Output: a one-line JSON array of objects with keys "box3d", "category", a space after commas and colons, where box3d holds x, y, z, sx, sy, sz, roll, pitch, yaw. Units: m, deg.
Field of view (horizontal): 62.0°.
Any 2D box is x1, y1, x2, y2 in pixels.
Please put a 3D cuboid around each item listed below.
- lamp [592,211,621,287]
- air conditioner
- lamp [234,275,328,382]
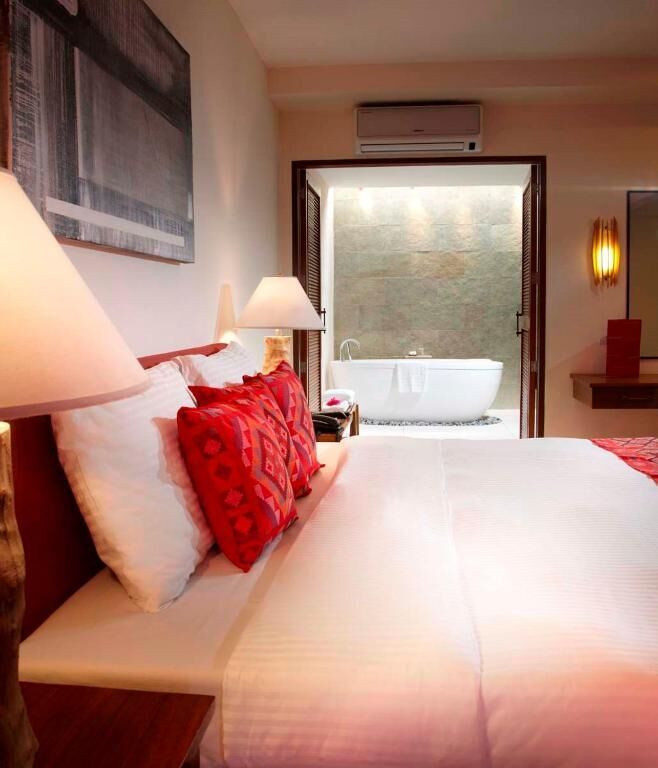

◆ Your goal
Pull each line holding "lamp" out of the listing.

◆ Answer box
- lamp [592,211,621,287]
- lamp [234,275,328,382]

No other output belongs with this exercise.